Taxation is theft and everyone should get to keep every penny they earn – but if there has to be taxation, the Takers should pay those taxes and the Makers pay no taxes at all, because if we relieve the Makers of all such burdens, because free from the burden of taxes, and all regulation too, they’ll expand their businesses and create all sorts of jobs and the economy will explode with amazing new growth, unless they use all the cash they have lying around to invest in secondary derivatives of hypothetical assets, or hedges against possible losses in those – but that’s okay. It’s their money, not anyone else’s, and this country is about freedom after all. No one should pick on them. That’s immoral. No one except for some Marxist fools and the new Pope begrudges them their success, and if the country goes broke, because there’s not enough money to fund current operations – even if we taxed everyone earning under a hundred grand a year at ninety percent we still couldn’t cover the cost of the wars and all the spying, much less Social Security and Medicare and fixing the roads and bridges – that okay. Everyone knows government is stupid. Stop those current operations, all of them, or at least privatize them. Everyone knows that things work best when someone has to turn a profit on that certain thing, whatever it is. Think about it. If you can’t make money at something, perhaps it wasn’t worth doing in the first place. No wanted to pay for that good or those services, after all. If in the end there were, say, no schools at all, or no roads in certain places, or no parks, or mail service, then the market would have spoken. Things would finally be as they should be.

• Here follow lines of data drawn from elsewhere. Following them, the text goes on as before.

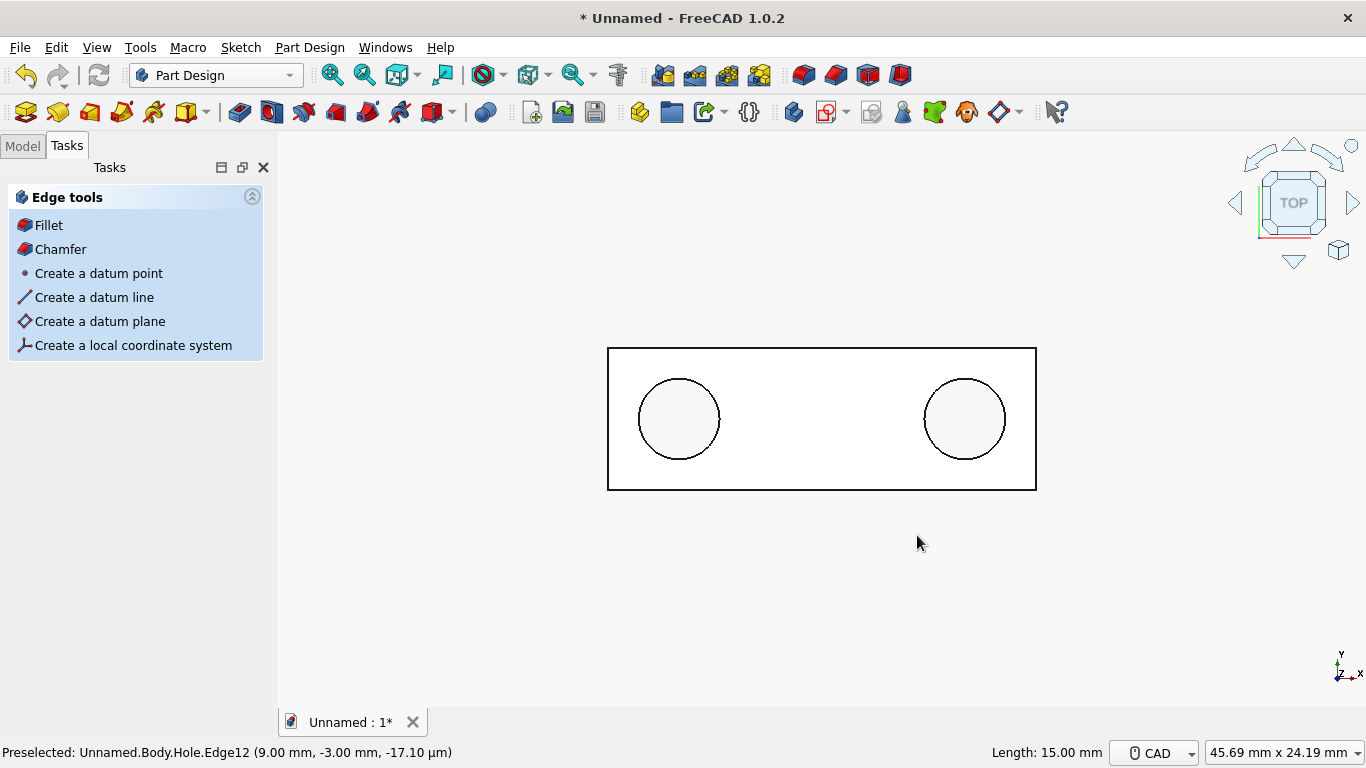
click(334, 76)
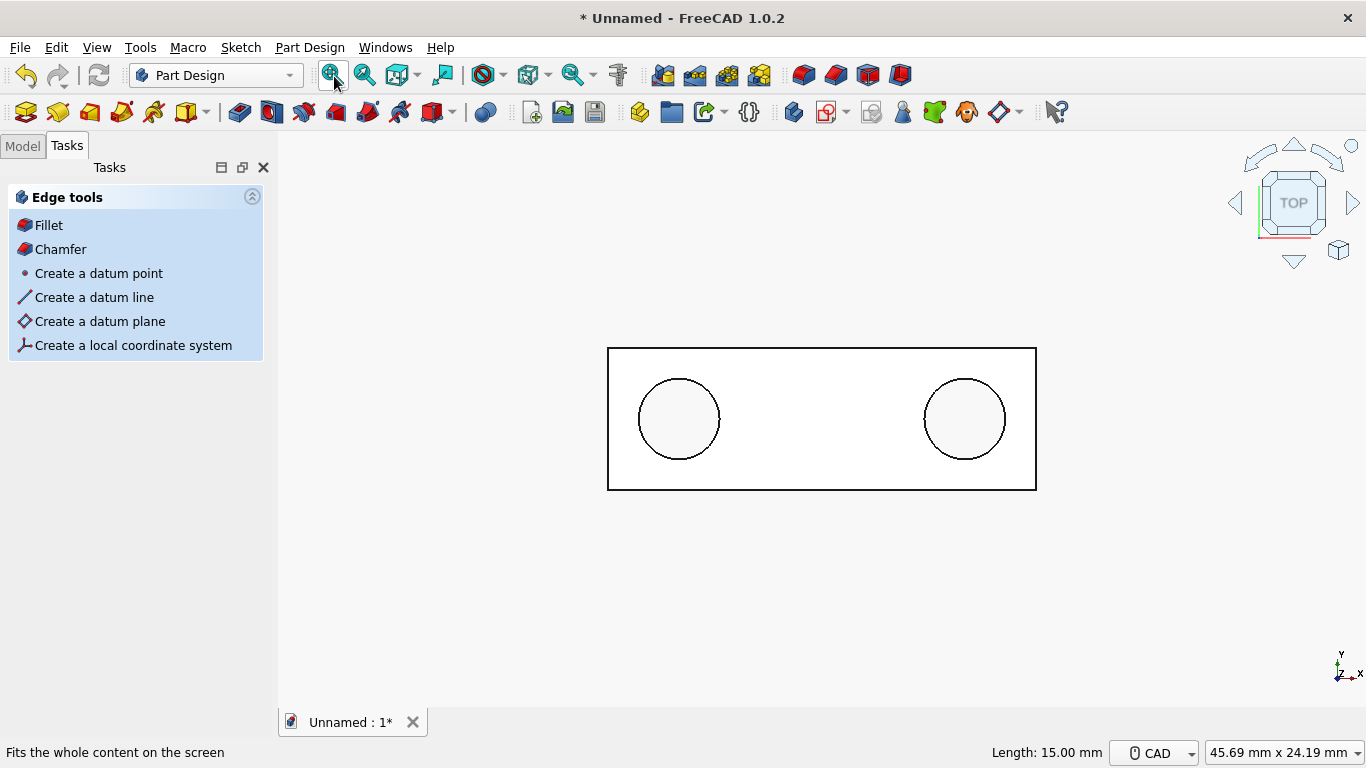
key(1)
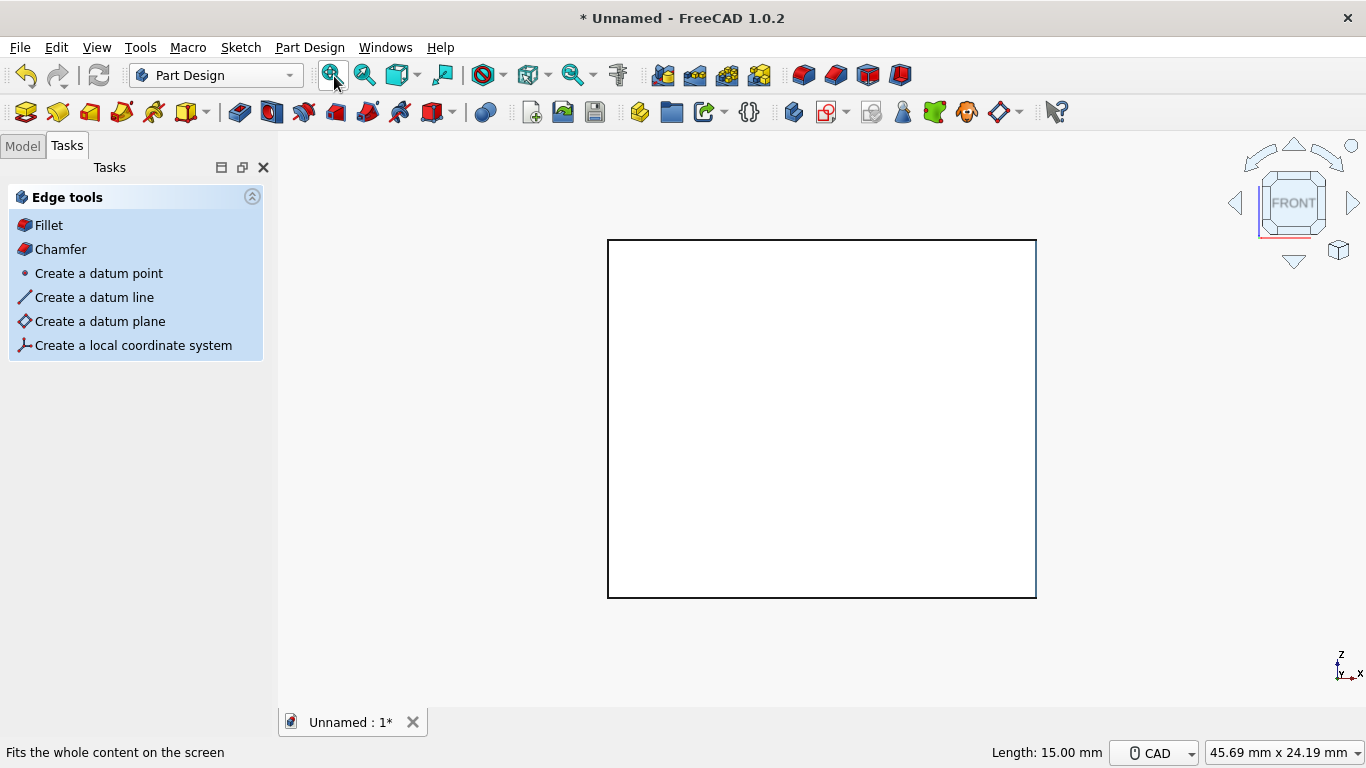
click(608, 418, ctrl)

The market knows. Government doesn’t know, as with Obamacare. If people wanted fancy health plans, that covered preexisting conditions and whatnot, or affordable health plans like that, they’d be more than willing to pay for those, and someone would have figured out a way to sell those to them, at a tidy profit. That there was no money to be made insuring people who had been sick and might get sick again, except at sky-high prices, simply proved that doing that sort of thing was irrational. The market had spoken, and Obama messed up everything. Government always distorts markets.
This sort of thing has to stop. If people want something badly enough, they’ll be willing to pay for it, and sooner or later someone will see there’s a fortune to be made in taking their money and giving something sort of like what they think they want. There’s no reason for the government to intervene. And it’s the same with unemployment benefits and food stamps and welfare. The market has spoken. Some people really are worthless, and it’s up to them to prove they’re not. Get a job. Sink or swim. Don’t take from those who make, because you think someone owes you something. They don’t. All that matters is self-reliance and personal responsibility. America is a meritocracy, and as Margaret Thatcher, who was more American than even Ronald Reagan once said, there’s no such thing as “society” – that word is just a convenient excuse “for individual deficiencies, disappointments and delinquency” that fools on the left like to toss out there. The whole concept is useless.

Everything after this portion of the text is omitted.